Well, it's happened. Enough tender, brand new green graced the trees that, when I looked out over the landscape yesterday evening, it seemed to shimmer with pale green and gold. And I knew the day had come to recite Robert Frost's "Nothing Gold Can Stay."
Nature's first green is gold,
Her hardest hue to hold.
Her early leafs a flower;
But only so an hour.
Then leaf subsides to leaf.
So Eden sank to grief,
So dawn goes down to day.
Nothing gold can stay.
It's my yearly tradition. I think I have done this just about every year since I first memorized the poem in the 10th grade. I don't think of the poem too often at other times of the year, and I try not to say it until I look out of a window or glance around me as I'm walking and get hit with that shimmering, golden sense of settled spring. Or at least as "settled" as a season can ever be in this flaming-with-beauty-but-oh-so-fallen-world we live in.
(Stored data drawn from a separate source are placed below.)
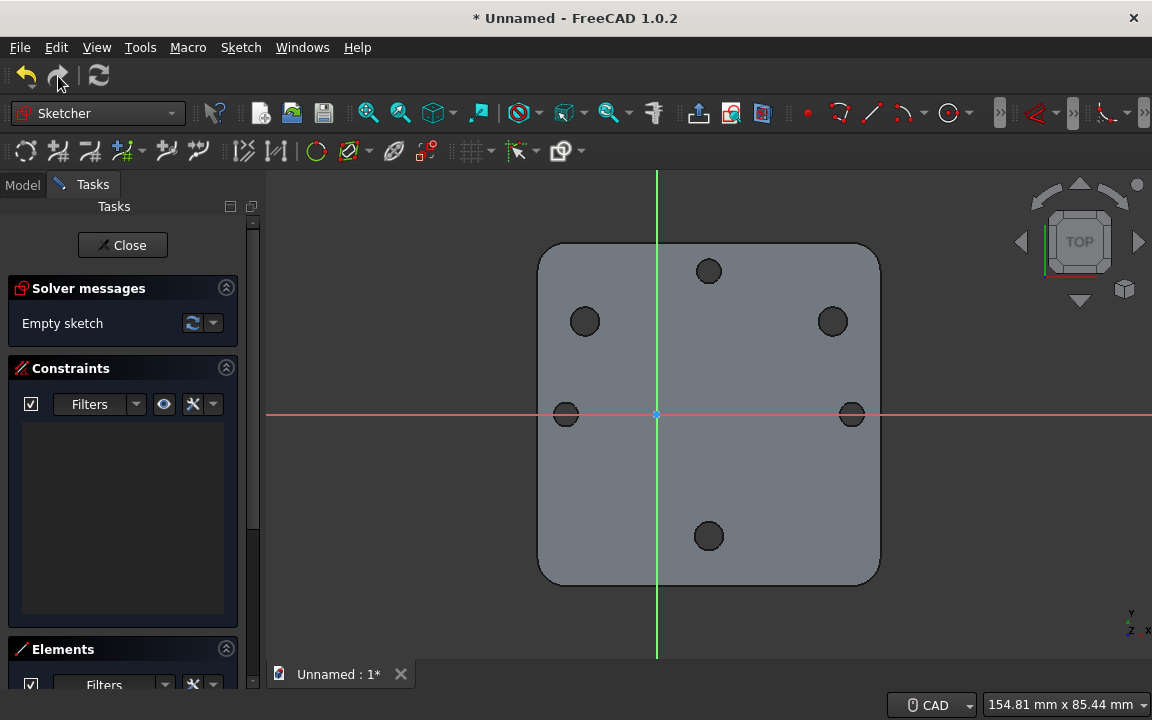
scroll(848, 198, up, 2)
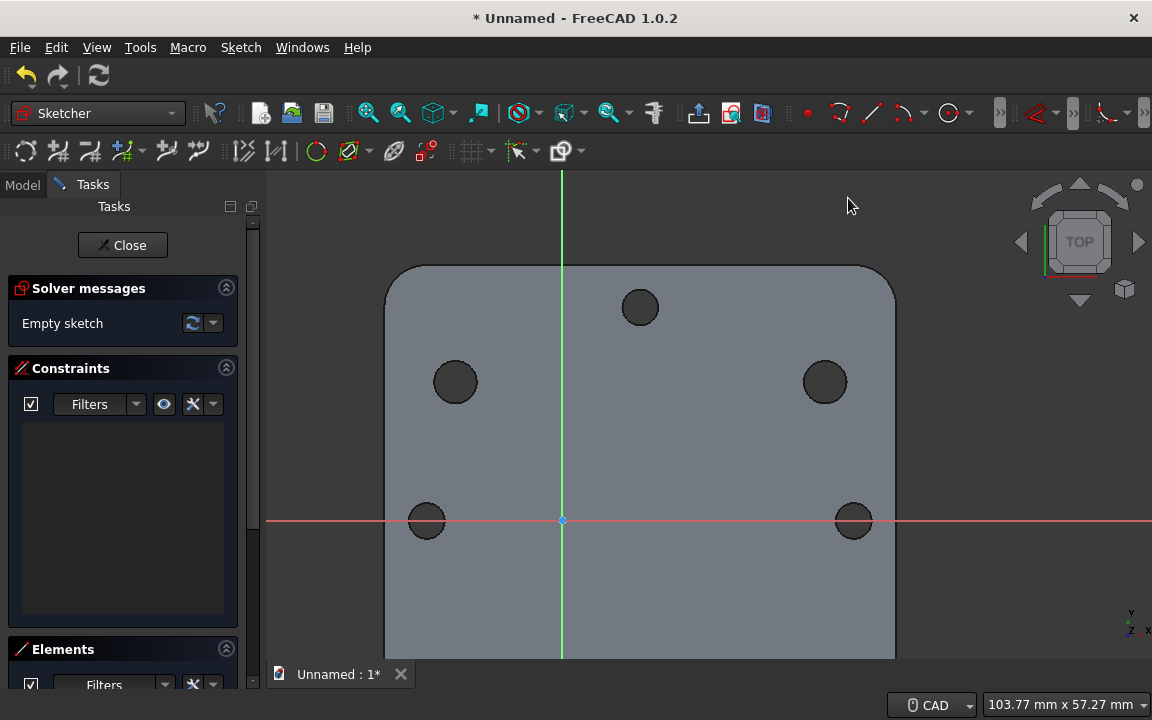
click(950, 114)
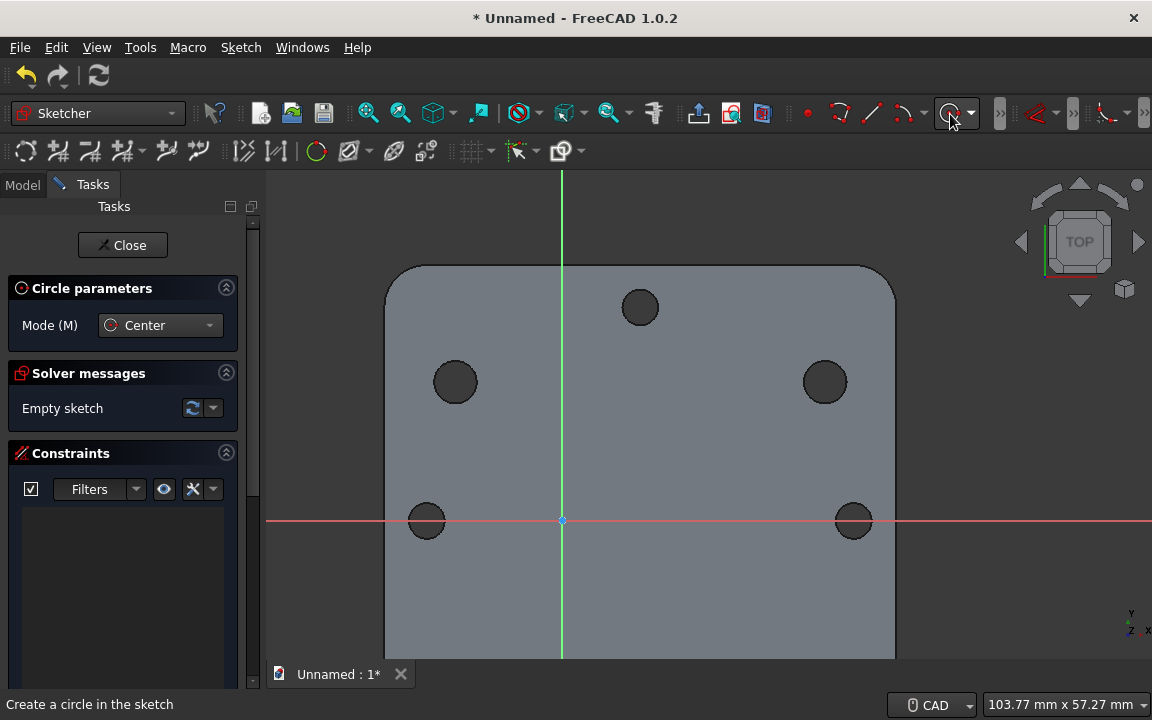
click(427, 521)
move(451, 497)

Yesterday was the shimmering day when the poem popped into my mind and heart. We were in the car on the way home from eating dinner and picking up a little bakery cake for our anniversary celebration. "Oh!" I suddenly exclaimed. "The trees! Nature's first green is gold..." D. immediately turned down the radio and told the sweet girl, "It's time for Mommy to recite her spring poem!" And so I did.
And it's still April, which is National Poetry Month!
2 comments:
Mmmm, lovely! The weather was gorgeous here on Sunday, meriting our first trip to the beach for the year. Out front, our birch tree is sprouting little green leaves, and there's also some growth on the willow out back. And finally a few flowers! Hooray for spring!